OBJECTIVE: To determine whether oxidative damage of ejaculated frozen-thawed sperm prior to oocyte insemination in vitro affects the competence of the resultant embryo to develop to the blastocyst stage. METHOD: Extended frozen semen from bulls was thawed, subjected to Percoll gradient purification to obtain motile spermatozoa and mixed with medium containing the pro-oxidants menadione or tert-butyl hydroperoxide. After 3 h at 38.5 degrees C, the sperm were washed and used to inseminate oocytes in vitro. Embryo development proceeded until 8 days after insemination.

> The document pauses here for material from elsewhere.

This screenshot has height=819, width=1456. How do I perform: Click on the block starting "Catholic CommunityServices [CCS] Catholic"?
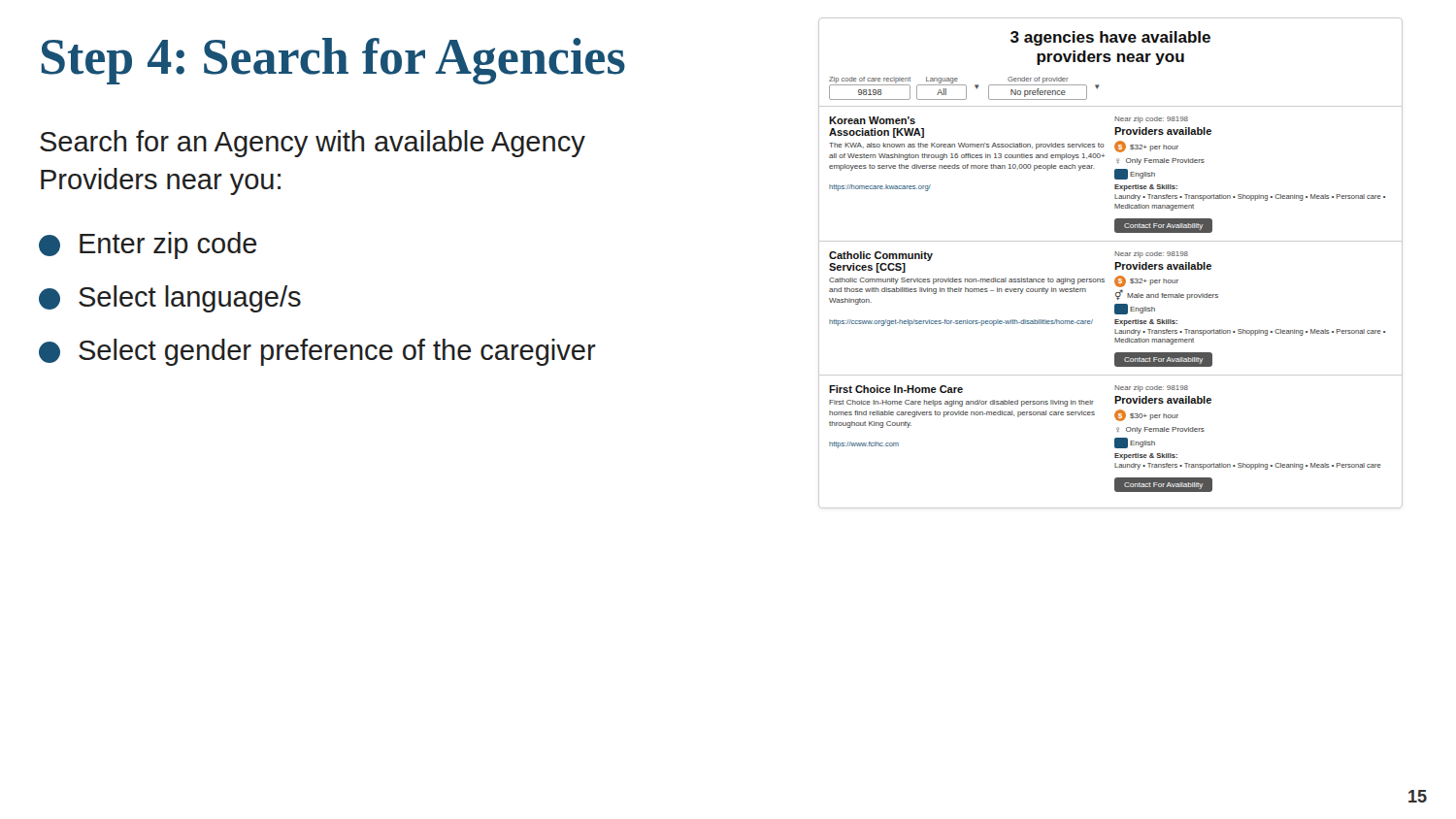(968, 288)

RESULTS: Treatment of sperm with 15 or 30 micromol/L menadione reduced the proportions of oocytes that cleaved and those that developed to the blastocyst stage; 30 micromol/L menadione reduced the proportion of cleaved embryos that developed to the blastocyst stage at day 8 after insemination. Oocytes inseminated with sperm treated with 150 or 300 micromol/L tert-butyl hydroperoxide had lower proportions of cleavage and blastocyst development, and the proportion of cleaved embryos becoming blastocysts was also reduced. CONCLUSION: Oxidative damage to ejaculated sperm can compromise the ability of the sperm to cause oocyte cleavage and leads to formation of embryos with reduced competence for development.